In the first study involving 149 patients with iron deficiency and high levels of phosphate in the blood, the amount of iron stored in the body (measured as transferrin saturation) after 12 weeks of treatment increased by around 10% in people treated with Xoanacyl and decreased by around 1% in those given placebo. At the same time, phosphate levels in the blood decreased by 0.7 mg/dl in patients given Xoanacyl compared with 0.2 mg/dl in those given placebo.

In the second study involving 234 patients mainly with iron deficiency, the level of haemoglobin (the protein in red blood cells that carries oxygen around the body) increased by at least 1 g/dl at any point during 16 weeks of treatment in around 52% of patients given Xoanacyl (61 out of 117) compared with around 19% of those given placebo (22 out of 115).
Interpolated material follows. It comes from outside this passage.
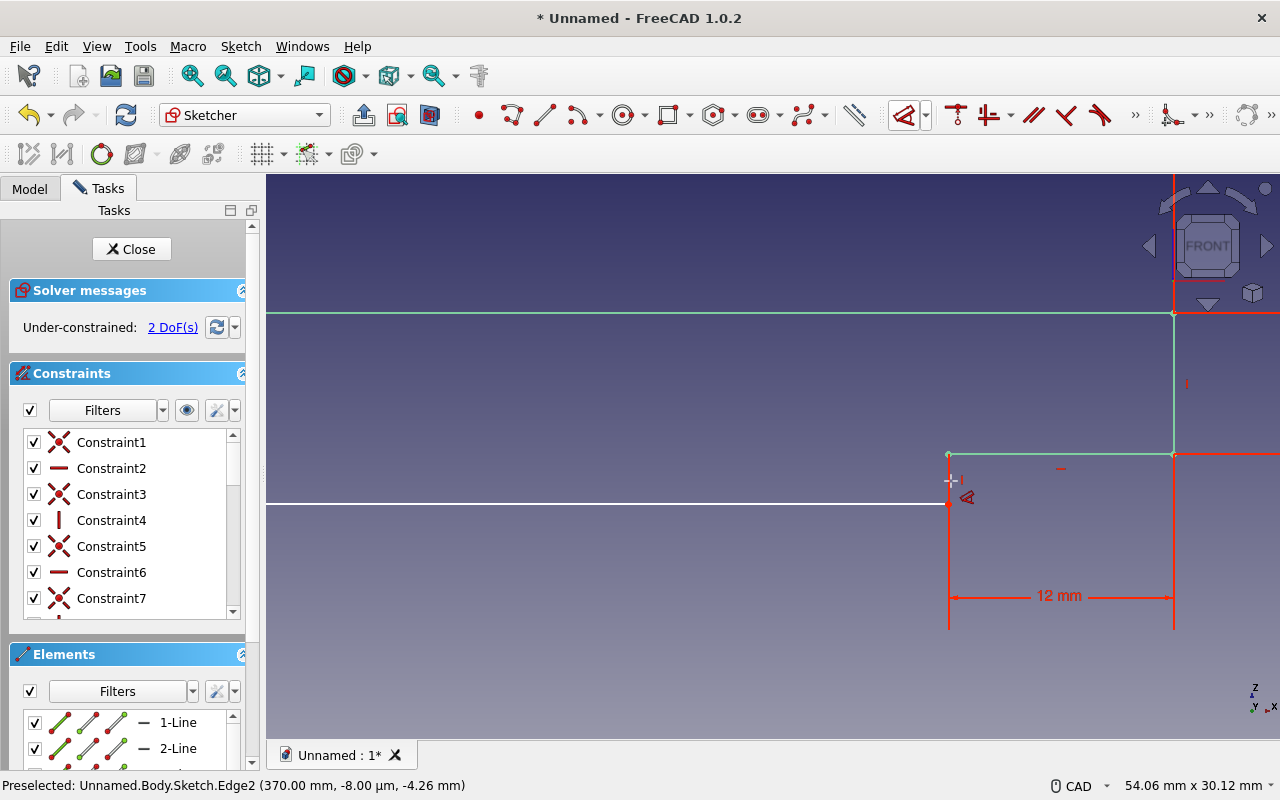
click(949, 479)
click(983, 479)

A third main study involved 441 adults with chronic kidney disease who needed dialysis and had high levels of phosphate in the blood. Xoanacyl was at least as effective at reducing phosphate levels in the blood after 12 weeks of treatment as sevelamer carbonate (another medicine used to lower phosphate levels in the blood), with a reduction of around 2.0 mg/dl with Xoanacyl and 2.2 mg/dl with sevelamer carbonate.

For the full list of side effects and restrictions with Xoanacyl, see the package leaflet.
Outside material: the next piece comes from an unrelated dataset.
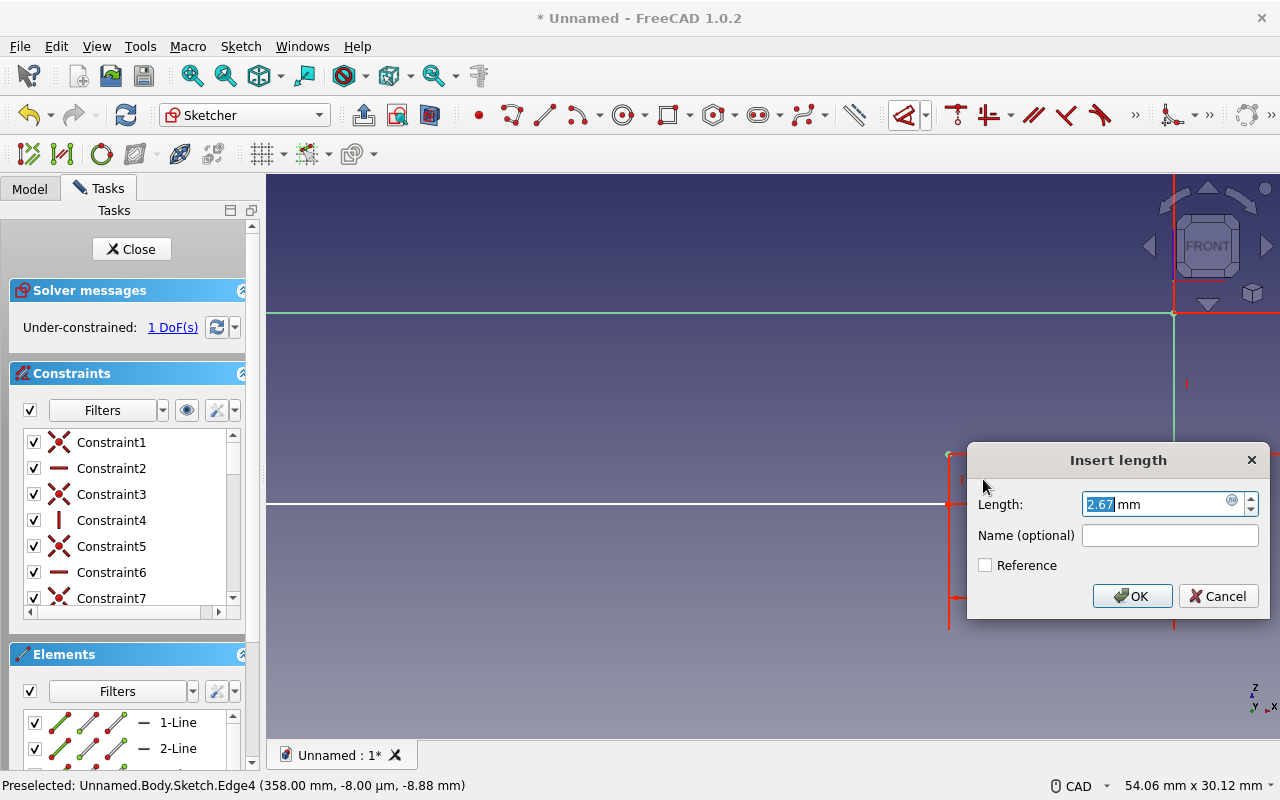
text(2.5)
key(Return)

The most common side effects with Xoanacyl (which may affect more than 1 in 10 people) include diarrhoea and discoloured stools.
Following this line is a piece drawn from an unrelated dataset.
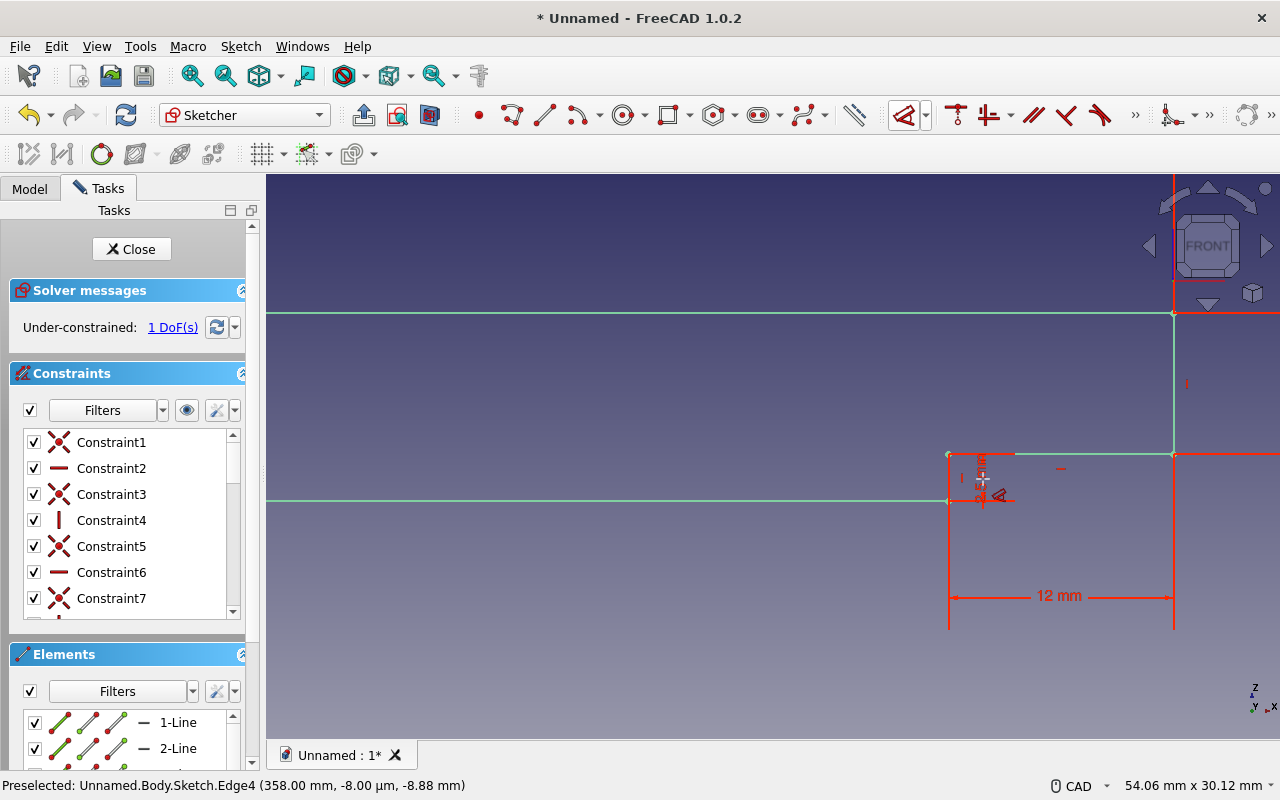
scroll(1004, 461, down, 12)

Xoanacyl must not be used in patients who have an active severe stomach or intestinal disorder or conditions that lead to iron accumulation in the body such as haemochromatosis (an inherited condition in which iron builds up gradually in the body and can cause damage to joints and organs).

The Agency considered that Xoanacyl is effective at reducing phosphate levels in the blood of adults with chronic kidney disease and that it also has a positive effect on iron deficiency. The safety profile of Xoanacyl is manageable.

The European Medicines Agency therefore decided that Xoanacyl’s benefits are greater than its risks and that it can be authorised for use in the EU.

Recommendations and precautions to be followed by healthcare professionals and patients for the safe and effective use of Xoanacyl have been included in the summary of product characteristics and the package leaflet.

As for all medicines, data on the use of Xoanacyl are continuously monitored. Suspected side effects reported with Xoanacyl are carefully evaluated and any necessary action taken to protect patients.

Xoanacyl received a marketing authorisation valid throughout the EU on 11 June 2025.